Description of the task:
Only one stretch of the data below should be repeated: the lines from the line containing "Carry out exhaustive" through the line containing "- ape figurine <box>293,218,315,250</box>", inclusive, exactly as they are.

Given records:
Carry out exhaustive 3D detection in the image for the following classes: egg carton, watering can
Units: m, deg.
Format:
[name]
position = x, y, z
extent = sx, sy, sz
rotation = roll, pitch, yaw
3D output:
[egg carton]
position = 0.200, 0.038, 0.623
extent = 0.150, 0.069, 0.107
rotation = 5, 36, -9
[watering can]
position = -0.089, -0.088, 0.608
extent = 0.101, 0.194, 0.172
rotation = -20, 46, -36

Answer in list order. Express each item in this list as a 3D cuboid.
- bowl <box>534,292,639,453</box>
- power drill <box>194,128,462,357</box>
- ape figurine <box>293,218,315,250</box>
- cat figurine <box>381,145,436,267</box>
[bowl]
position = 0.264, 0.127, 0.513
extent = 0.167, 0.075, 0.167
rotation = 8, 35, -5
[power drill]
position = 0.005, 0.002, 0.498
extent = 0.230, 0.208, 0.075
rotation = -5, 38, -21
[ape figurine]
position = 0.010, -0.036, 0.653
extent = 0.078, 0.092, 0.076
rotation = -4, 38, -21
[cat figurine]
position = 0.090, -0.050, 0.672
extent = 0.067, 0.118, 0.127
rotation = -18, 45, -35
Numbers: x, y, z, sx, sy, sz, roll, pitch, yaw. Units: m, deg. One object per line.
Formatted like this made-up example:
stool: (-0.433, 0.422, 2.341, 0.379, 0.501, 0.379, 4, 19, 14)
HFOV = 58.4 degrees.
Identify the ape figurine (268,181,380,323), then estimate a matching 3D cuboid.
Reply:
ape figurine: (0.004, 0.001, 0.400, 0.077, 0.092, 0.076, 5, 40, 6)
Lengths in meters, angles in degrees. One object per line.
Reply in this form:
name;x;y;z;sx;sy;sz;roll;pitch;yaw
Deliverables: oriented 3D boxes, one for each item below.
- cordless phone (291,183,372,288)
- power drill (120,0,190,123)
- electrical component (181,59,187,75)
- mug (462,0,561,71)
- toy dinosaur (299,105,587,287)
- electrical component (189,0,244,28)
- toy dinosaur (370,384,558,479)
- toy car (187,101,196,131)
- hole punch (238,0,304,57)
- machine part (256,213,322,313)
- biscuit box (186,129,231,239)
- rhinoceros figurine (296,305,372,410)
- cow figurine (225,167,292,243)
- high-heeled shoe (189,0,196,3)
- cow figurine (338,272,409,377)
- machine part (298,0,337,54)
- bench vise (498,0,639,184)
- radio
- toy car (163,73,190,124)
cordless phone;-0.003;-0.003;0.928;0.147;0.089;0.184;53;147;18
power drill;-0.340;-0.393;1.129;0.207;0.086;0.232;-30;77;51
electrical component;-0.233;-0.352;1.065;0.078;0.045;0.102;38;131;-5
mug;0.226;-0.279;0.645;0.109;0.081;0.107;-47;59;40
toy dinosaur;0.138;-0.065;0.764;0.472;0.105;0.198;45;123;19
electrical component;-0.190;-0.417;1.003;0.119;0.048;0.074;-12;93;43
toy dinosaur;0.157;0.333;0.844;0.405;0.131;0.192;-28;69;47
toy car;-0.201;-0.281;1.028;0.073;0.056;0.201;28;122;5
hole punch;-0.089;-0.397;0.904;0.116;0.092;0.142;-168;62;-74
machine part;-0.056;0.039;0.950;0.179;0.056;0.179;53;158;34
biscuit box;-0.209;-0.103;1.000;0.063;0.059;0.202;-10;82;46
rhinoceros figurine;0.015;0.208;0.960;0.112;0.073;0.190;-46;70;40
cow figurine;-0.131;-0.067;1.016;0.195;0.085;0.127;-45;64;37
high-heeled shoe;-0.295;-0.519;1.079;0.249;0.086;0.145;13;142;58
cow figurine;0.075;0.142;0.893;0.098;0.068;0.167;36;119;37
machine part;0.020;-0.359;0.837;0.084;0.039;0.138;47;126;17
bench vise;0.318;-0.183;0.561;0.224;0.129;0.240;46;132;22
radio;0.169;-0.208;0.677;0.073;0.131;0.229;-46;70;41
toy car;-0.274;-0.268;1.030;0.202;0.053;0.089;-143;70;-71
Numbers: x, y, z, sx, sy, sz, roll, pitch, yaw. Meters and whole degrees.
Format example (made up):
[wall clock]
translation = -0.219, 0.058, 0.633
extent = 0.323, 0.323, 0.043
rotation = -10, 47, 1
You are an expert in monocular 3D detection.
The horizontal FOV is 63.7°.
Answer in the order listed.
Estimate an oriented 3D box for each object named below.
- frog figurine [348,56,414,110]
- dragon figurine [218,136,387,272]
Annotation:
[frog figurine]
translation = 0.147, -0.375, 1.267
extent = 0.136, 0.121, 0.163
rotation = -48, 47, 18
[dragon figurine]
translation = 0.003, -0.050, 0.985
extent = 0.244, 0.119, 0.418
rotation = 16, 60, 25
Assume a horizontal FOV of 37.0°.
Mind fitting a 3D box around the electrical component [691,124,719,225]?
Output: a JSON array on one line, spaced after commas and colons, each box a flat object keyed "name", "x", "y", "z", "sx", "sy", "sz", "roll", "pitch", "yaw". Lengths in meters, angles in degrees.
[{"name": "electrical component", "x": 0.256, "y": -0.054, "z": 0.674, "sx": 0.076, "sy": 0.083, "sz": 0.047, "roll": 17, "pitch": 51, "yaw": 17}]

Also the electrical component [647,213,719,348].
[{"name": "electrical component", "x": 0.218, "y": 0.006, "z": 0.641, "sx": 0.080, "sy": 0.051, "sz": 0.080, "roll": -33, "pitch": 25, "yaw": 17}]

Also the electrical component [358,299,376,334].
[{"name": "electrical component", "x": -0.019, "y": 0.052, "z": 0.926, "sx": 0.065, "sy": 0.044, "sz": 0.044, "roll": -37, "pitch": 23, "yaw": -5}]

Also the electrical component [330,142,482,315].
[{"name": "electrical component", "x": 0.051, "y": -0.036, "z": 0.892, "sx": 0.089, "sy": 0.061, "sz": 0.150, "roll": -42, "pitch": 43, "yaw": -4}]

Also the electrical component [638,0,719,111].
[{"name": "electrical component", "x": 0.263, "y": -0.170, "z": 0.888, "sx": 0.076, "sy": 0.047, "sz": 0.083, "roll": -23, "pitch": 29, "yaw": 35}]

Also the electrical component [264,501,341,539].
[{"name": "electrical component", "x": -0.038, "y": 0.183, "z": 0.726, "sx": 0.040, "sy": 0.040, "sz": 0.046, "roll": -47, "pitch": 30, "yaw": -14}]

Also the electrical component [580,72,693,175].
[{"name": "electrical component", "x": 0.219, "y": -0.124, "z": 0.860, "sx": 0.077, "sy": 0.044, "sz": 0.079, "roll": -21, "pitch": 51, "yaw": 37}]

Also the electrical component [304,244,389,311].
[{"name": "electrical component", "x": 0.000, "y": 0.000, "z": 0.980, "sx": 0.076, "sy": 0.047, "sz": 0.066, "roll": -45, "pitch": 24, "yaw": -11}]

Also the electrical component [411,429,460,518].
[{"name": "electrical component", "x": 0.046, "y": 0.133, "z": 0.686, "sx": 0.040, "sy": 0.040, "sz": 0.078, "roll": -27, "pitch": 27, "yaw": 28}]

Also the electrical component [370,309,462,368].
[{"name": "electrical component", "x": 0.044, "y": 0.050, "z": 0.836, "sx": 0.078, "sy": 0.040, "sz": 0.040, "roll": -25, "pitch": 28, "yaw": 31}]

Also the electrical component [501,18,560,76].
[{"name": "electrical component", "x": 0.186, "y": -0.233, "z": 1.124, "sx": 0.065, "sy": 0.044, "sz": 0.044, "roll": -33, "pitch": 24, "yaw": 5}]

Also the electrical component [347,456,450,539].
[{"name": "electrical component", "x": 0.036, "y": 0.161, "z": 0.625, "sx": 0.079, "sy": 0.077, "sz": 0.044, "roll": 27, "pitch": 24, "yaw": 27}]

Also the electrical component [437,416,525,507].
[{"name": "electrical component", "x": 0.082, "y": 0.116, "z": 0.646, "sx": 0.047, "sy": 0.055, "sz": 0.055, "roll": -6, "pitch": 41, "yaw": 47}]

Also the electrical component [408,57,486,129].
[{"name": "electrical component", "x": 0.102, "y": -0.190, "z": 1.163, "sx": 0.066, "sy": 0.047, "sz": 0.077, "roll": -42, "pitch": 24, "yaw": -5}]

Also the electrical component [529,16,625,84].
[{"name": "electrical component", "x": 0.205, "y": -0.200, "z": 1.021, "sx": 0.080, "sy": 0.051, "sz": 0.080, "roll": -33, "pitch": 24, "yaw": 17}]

...

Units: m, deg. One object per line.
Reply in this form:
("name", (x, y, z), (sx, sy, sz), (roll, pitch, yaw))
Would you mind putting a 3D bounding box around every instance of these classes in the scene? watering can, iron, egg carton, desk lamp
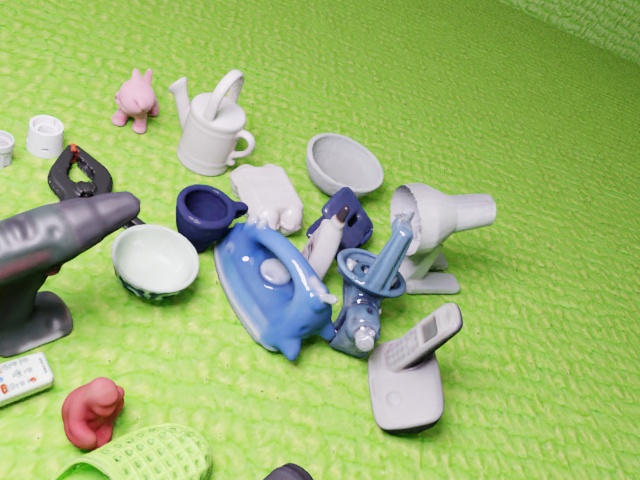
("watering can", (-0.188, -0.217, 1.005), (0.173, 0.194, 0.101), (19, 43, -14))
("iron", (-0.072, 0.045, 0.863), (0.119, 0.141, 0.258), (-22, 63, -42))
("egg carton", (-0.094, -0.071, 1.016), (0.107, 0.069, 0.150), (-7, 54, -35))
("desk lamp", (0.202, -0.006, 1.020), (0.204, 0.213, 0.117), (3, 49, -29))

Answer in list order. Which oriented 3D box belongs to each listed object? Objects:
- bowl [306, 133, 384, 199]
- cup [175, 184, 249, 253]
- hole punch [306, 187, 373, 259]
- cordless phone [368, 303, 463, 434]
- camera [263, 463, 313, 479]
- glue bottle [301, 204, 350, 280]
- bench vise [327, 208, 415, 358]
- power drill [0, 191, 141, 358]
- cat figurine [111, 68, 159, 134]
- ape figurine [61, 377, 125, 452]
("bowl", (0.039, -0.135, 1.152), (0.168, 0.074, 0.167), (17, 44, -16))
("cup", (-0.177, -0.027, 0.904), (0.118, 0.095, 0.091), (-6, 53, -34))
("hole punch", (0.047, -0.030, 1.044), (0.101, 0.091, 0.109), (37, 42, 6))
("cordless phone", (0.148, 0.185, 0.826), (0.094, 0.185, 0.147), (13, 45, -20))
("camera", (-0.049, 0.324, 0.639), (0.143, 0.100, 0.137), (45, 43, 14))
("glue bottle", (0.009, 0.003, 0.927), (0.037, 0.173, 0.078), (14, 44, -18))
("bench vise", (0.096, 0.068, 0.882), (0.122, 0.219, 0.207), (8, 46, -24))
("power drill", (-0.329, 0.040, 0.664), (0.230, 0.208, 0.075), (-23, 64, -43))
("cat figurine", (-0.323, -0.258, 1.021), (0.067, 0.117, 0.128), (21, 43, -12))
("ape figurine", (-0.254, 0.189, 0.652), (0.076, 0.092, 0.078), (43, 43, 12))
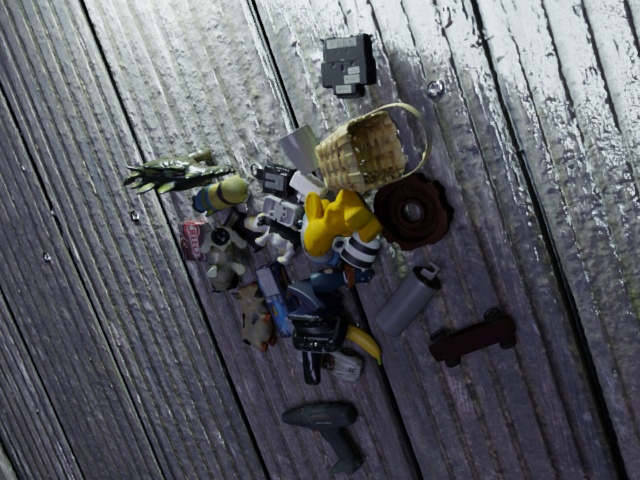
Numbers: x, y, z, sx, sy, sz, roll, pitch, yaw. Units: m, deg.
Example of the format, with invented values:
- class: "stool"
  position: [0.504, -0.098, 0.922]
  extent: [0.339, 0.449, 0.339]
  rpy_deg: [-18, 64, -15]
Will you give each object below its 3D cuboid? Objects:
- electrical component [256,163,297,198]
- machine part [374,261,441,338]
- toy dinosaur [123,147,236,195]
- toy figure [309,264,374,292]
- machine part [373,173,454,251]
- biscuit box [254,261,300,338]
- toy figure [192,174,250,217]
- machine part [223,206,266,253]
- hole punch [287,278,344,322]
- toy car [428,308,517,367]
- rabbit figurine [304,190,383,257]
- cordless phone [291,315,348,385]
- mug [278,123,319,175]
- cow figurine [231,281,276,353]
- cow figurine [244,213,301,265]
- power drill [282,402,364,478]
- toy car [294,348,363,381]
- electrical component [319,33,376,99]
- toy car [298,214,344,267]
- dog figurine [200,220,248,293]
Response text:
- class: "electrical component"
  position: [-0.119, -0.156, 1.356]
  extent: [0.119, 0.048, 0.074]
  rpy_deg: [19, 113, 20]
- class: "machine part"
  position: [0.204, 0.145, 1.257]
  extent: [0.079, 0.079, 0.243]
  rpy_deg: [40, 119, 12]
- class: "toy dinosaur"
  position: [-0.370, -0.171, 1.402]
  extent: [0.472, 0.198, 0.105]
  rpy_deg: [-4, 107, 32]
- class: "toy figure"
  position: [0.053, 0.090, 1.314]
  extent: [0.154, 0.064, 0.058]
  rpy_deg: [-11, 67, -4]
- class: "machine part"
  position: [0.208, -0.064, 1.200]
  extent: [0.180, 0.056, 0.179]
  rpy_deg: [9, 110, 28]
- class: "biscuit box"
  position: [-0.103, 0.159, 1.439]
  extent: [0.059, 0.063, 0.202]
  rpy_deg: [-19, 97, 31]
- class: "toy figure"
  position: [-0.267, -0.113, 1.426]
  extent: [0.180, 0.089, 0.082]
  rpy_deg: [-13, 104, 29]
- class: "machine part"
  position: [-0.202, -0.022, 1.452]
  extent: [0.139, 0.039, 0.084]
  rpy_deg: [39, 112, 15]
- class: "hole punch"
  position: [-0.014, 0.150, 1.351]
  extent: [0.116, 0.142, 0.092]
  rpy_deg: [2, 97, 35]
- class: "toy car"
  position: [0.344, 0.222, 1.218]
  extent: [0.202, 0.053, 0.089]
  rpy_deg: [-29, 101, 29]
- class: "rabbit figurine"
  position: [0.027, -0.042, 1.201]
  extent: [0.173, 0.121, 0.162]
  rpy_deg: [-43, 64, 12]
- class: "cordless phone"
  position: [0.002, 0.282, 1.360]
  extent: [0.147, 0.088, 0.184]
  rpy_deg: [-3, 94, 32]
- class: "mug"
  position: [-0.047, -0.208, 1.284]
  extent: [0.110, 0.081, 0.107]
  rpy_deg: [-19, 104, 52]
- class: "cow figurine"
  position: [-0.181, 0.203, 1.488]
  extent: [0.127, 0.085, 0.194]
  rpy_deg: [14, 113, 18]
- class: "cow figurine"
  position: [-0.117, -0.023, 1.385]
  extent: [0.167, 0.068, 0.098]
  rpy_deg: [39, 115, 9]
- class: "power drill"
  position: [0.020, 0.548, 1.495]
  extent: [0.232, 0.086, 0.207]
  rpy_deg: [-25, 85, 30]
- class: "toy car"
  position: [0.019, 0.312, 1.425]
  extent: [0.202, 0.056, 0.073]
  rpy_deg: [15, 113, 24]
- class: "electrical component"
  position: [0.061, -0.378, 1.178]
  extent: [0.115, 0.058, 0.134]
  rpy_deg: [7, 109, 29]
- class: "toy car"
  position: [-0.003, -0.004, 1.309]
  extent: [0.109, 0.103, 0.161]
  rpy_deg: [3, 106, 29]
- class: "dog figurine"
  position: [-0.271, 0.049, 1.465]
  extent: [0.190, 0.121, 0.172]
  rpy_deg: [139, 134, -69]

Answer:
Carry out exhaustive 3D detection in the image for the following classes: egg carton, watering can
Units: m, deg.
Format:
[name]
position = x, y, z
extent = sx, sy, sz
rotation = roll, pitch, yaw
3D output:
[egg carton]
position = 0.200, 0.038, 0.623
extent = 0.150, 0.069, 0.107
rotation = 5, 36, -9
[watering can]
position = -0.089, -0.088, 0.608
extent = 0.101, 0.194, 0.172
rotation = -20, 46, -36

Answer in list order. Express each item in this list as a 3D cuboid.
- bowl <box>534,292,639,453</box>
- power drill <box>194,128,462,357</box>
- ape figurine <box>293,218,315,250</box>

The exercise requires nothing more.